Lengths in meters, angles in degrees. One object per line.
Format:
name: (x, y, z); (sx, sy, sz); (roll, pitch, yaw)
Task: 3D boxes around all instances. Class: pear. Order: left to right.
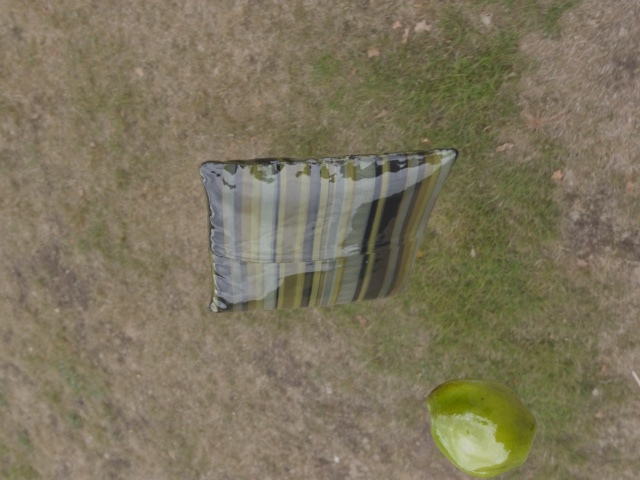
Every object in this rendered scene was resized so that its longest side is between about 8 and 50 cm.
pear: (0.142, 0.168, 0.511); (0.097, 0.092, 0.092); (25, 123, 31)

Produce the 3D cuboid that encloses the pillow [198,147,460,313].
pillow: (0.000, 0.000, 0.516); (0.212, 0.052, 0.208); (-4, 143, -10)
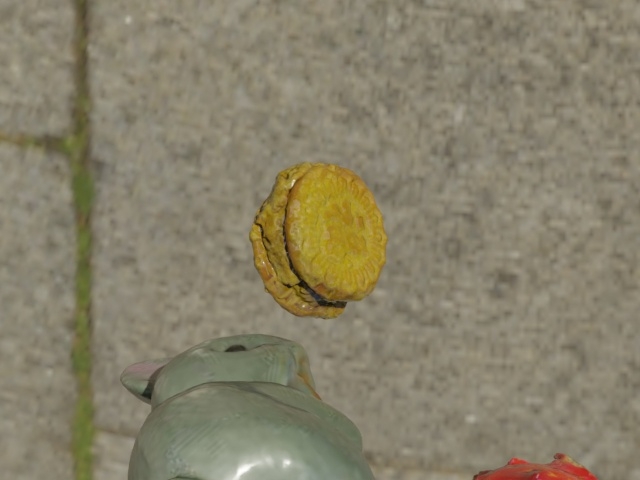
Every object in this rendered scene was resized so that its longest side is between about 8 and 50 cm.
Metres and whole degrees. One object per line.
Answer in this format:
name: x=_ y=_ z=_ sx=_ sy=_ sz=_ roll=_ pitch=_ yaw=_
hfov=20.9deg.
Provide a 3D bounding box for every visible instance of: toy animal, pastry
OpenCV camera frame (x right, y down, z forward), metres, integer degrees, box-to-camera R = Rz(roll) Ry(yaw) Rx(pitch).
toy animal: x=-0.043 y=0.092 z=0.839 sx=0.108 sy=0.236 sz=0.138 roll=-44 pitch=123 yaw=10
pastry: x=0.000 y=0.000 z=1.168 sx=0.057 sy=0.097 sz=0.109 roll=-18 pitch=102 yaw=39

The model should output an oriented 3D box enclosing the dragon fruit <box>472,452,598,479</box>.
dragon fruit: x=0.128 y=0.194 z=1.129 sx=0.153 sy=0.153 sz=0.111 roll=-15 pitch=143 yaw=23
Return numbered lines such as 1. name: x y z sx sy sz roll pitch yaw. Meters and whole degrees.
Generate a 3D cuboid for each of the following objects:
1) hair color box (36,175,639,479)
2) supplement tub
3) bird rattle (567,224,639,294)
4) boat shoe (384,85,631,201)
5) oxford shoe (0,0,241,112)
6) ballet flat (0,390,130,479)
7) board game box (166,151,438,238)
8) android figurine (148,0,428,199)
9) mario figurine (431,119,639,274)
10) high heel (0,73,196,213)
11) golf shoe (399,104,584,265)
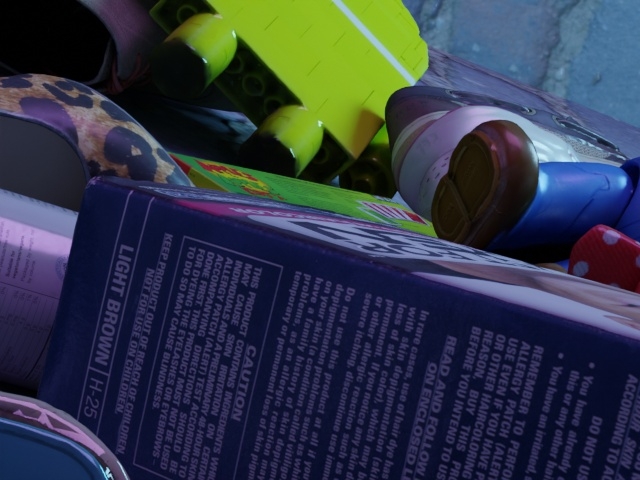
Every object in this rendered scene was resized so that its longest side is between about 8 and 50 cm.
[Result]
1. hair color box: 0.088 0.070 0.617 0.347 0.105 0.174 17 6 41
2. supplement tub: -0.112 0.019 0.728 0.107 0.071 0.071 18 12 -19
3. bird rattle: 0.244 0.045 0.980 0.253 0.207 0.143 30 -7 -5
4. boat shoe: 0.165 -0.040 1.353 0.285 0.103 0.092 17 36 -29
5. oxford shoe: -0.144 -0.136 1.360 0.348 0.123 0.130 16 41 -38
6. ballet flat: -0.167 0.050 0.505 0.248 0.086 0.086 22 11 -4
7. board game box: 0.000 0.000 1.082 0.181 0.043 0.092 10 16 -45
8. android figurine: -0.018 -0.139 1.354 0.248 0.056 0.273 45 34 -8
9. mario figurine: 0.232 -0.025 1.099 0.320 0.198 0.170 -9 17 -32
10. high heel: -0.162 -0.013 0.793 0.261 0.093 0.186 24 23 -3
11. golf shoe: 0.194 0.022 1.240 0.306 0.115 0.140 17 30 -17
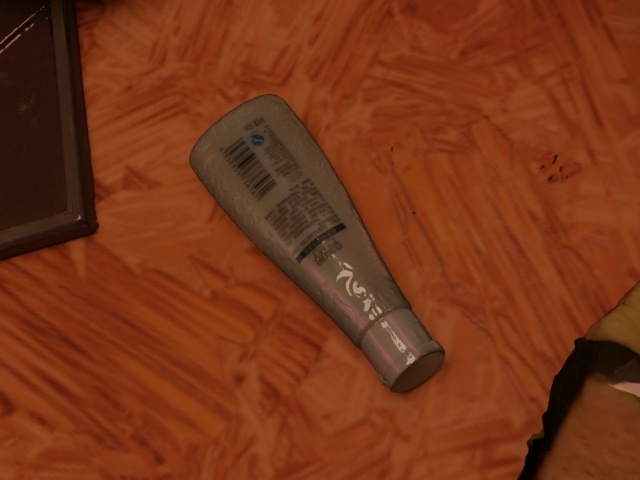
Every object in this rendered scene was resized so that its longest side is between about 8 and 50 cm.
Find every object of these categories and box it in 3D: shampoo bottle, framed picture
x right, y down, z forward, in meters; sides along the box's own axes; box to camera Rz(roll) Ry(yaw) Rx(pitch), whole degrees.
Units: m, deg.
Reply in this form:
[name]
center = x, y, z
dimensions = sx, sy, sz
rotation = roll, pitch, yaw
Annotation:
[shampoo bottle]
center = 0.000, 0.000, 0.537
dimensions = 0.069, 0.041, 0.191
rotation = -35, 64, -6
[framed picture]
center = -0.309, -0.069, 0.664
dimensions = 0.315, 0.024, 0.232
rotation = -16, 65, 10

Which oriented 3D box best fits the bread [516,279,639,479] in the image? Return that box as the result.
[bread]
center = 0.223, 0.081, 0.443
dimensions = 0.167, 0.163, 0.264
rotation = 33, 46, 26
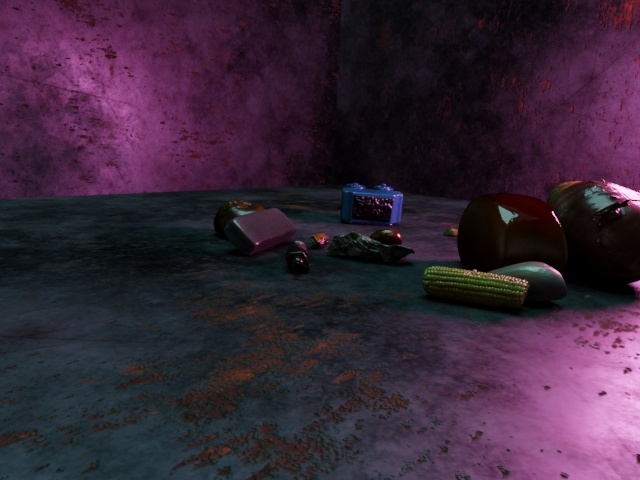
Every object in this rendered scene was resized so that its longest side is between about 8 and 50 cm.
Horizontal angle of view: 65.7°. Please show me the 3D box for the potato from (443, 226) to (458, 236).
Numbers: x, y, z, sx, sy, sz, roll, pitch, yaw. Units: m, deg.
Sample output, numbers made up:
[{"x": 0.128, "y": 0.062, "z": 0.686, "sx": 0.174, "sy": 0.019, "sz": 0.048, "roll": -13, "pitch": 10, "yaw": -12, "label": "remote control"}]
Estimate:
[{"x": 0.576, "y": -0.037, "z": 2.134, "sx": 0.093, "sy": 0.036, "sz": 0.037, "roll": 8, "pitch": 9, "yaw": 21, "label": "potato"}]

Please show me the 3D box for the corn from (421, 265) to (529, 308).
[{"x": 0.371, "y": 0.114, "z": 1.204, "sx": 0.248, "sy": 0.081, "sz": 0.081, "roll": 8, "pitch": 12, "yaw": 24, "label": "corn"}]

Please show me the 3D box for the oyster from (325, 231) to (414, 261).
[{"x": 0.168, "y": 0.022, "z": 1.613, "sx": 0.252, "sy": 0.087, "sz": 0.199, "roll": 6, "pitch": 0, "yaw": -21, "label": "oyster"}]

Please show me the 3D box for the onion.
[{"x": 0.846, "y": -0.030, "z": 1.462, "sx": 0.353, "sy": 0.354, "sz": 0.353, "roll": 3, "pitch": 11, "yaw": 0, "label": "onion"}]

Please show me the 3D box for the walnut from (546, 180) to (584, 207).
[{"x": 1.010, "y": -0.092, "z": 1.933, "sx": 0.253, "sy": 0.277, "sz": 0.282, "roll": 3, "pitch": 21, "yaw": 31, "label": "walnut"}]

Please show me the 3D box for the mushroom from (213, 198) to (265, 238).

================================

WHAT THE TASK ASKS
Please output the data above exactly as given, omitting every picture.

RESPONSE TO THIS TASK
Lengths in meters, angles in degrees. One object per line.
Format:
name: (x, y, z); (sx, sy, sz); (roll, pitch, yaw)
Task: 3D boxes around all instances. Class: pear. Order: left to right.
Every object in this rendered scene was resized so that its longest side is between about 8 and 50 cm.
pear: (0.142, 0.168, 0.511); (0.097, 0.092, 0.092); (25, 123, 31)

Produce the 3D cuboid that encloses the pillow [198,147,460,313].
pillow: (0.000, 0.000, 0.516); (0.212, 0.052, 0.208); (-4, 143, -10)
Every object in this rendered scene was resized so that its longest side is between about 8 and 50 cm.
Metres and whole degrees. One object per line.
Answer in this format:
name: x=_ y=_ z=_ sx=_ sy=_ sz=_ roll=_ pitch=_ yaw=_
hfov=20.9deg.
Provide a 3D bounding box for every visible instance of: toy animal, pastry
OpenCV camera frame (x right, y down, z forward), metres, integer degrees, box-to-camera R = Rz(roll) Ry(yaw) Rx(pitch).
toy animal: x=-0.043 y=0.092 z=0.839 sx=0.108 sy=0.236 sz=0.138 roll=-44 pitch=123 yaw=10
pastry: x=0.000 y=0.000 z=1.168 sx=0.057 sy=0.097 sz=0.109 roll=-18 pitch=102 yaw=39

The model should output an oriented 3D box enclosing the dragon fruit <box>472,452,598,479</box>.
dragon fruit: x=0.128 y=0.194 z=1.129 sx=0.153 sy=0.153 sz=0.111 roll=-15 pitch=143 yaw=23
Return numbered lines such as 1. name: x y z sx sy sz roll pitch yaw. Meters and whole degrees.
Generate a 3D cuboid for each of the following objects:
1) hair color box (36,175,639,479)
2) supplement tub
3) bird rattle (567,224,639,294)
4) boat shoe (384,85,631,201)
5) oxford shoe (0,0,241,112)
6) ballet flat (0,390,130,479)
7) board game box (166,151,438,238)
8) android figurine (148,0,428,199)
9) mario figurine (431,119,639,274)
10) high heel (0,73,196,213)
11) golf shoe (399,104,584,265)
Every object in this rendered scene was resized so that its longest side is between about 8 and 50 cm.
[Result]
1. hair color box: 0.088 0.070 0.617 0.347 0.105 0.174 17 6 41
2. supplement tub: -0.112 0.019 0.728 0.107 0.071 0.071 18 12 -19
3. bird rattle: 0.244 0.045 0.980 0.253 0.207 0.143 30 -7 -5
4. boat shoe: 0.165 -0.040 1.353 0.285 0.103 0.092 17 36 -29
5. oxford shoe: -0.144 -0.136 1.360 0.348 0.123 0.130 16 41 -38
6. ballet flat: -0.167 0.050 0.505 0.248 0.086 0.086 22 11 -4
7. board game box: 0.000 0.000 1.082 0.181 0.043 0.092 10 16 -45
8. android figurine: -0.018 -0.139 1.354 0.248 0.056 0.273 45 34 -8
9. mario figurine: 0.232 -0.025 1.099 0.320 0.198 0.170 -9 17 -32
10. high heel: -0.162 -0.013 0.793 0.261 0.093 0.186 24 23 -3
11. golf shoe: 0.194 0.022 1.240 0.306 0.115 0.140 17 30 -17
Every object in this rendered scene was resized so that its longest side is between about 8 and 50 cm.
Find every object of these categories and box it in 3D: shampoo bottle, framed picture
x right, y down, z forward, in meters; sides along the box's own axes; box to camera Rz(roll) Ry(yaw) Rx(pitch), whole degrees.
Units: m, deg.
Reply in this form:
[name]
center = x, y, z
dimensions = sx, sy, sz
rotation = roll, pitch, yaw
Annotation:
[shampoo bottle]
center = 0.000, 0.000, 0.537
dimensions = 0.069, 0.041, 0.191
rotation = -35, 64, -6
[framed picture]
center = -0.309, -0.069, 0.664
dimensions = 0.315, 0.024, 0.232
rotation = -16, 65, 10

Which oriented 3D box best fits the bread [516,279,639,479] in the image? Return that box as the result.
[bread]
center = 0.223, 0.081, 0.443
dimensions = 0.167, 0.163, 0.264
rotation = 33, 46, 26
Every object in this rendered scene was resized so that its longest side is between about 8 and 50 cm.
Horizontal angle of view: 65.7°. Please show me the 3D box for the potato from (443, 226) to (458, 236).
Numbers: x, y, z, sx, sy, sz, roll, pitch, yaw. Units: m, deg.
Sample output, numbers made up:
[{"x": 0.128, "y": 0.062, "z": 0.686, "sx": 0.174, "sy": 0.019, "sz": 0.048, "roll": -13, "pitch": 10, "yaw": -12, "label": "remote control"}]
Estimate:
[{"x": 0.576, "y": -0.037, "z": 2.134, "sx": 0.093, "sy": 0.036, "sz": 0.037, "roll": 8, "pitch": 9, "yaw": 21, "label": "potato"}]

Please show me the 3D box for the corn from (421, 265) to (529, 308).
[{"x": 0.371, "y": 0.114, "z": 1.204, "sx": 0.248, "sy": 0.081, "sz": 0.081, "roll": 8, "pitch": 12, "yaw": 24, "label": "corn"}]

Please show me the 3D box for the oyster from (325, 231) to (414, 261).
[{"x": 0.168, "y": 0.022, "z": 1.613, "sx": 0.252, "sy": 0.087, "sz": 0.199, "roll": 6, "pitch": 0, "yaw": -21, "label": "oyster"}]

Please show me the 3D box for the onion.
[{"x": 0.846, "y": -0.030, "z": 1.462, "sx": 0.353, "sy": 0.354, "sz": 0.353, "roll": 3, "pitch": 11, "yaw": 0, "label": "onion"}]

Please show me the 3D box for the walnut from (546, 180) to (584, 207).
[{"x": 1.010, "y": -0.092, "z": 1.933, "sx": 0.253, "sy": 0.277, "sz": 0.282, "roll": 3, "pitch": 21, "yaw": 31, "label": "walnut"}]

Please show me the 3D box for the mushroom from (213, 198) to (265, 238).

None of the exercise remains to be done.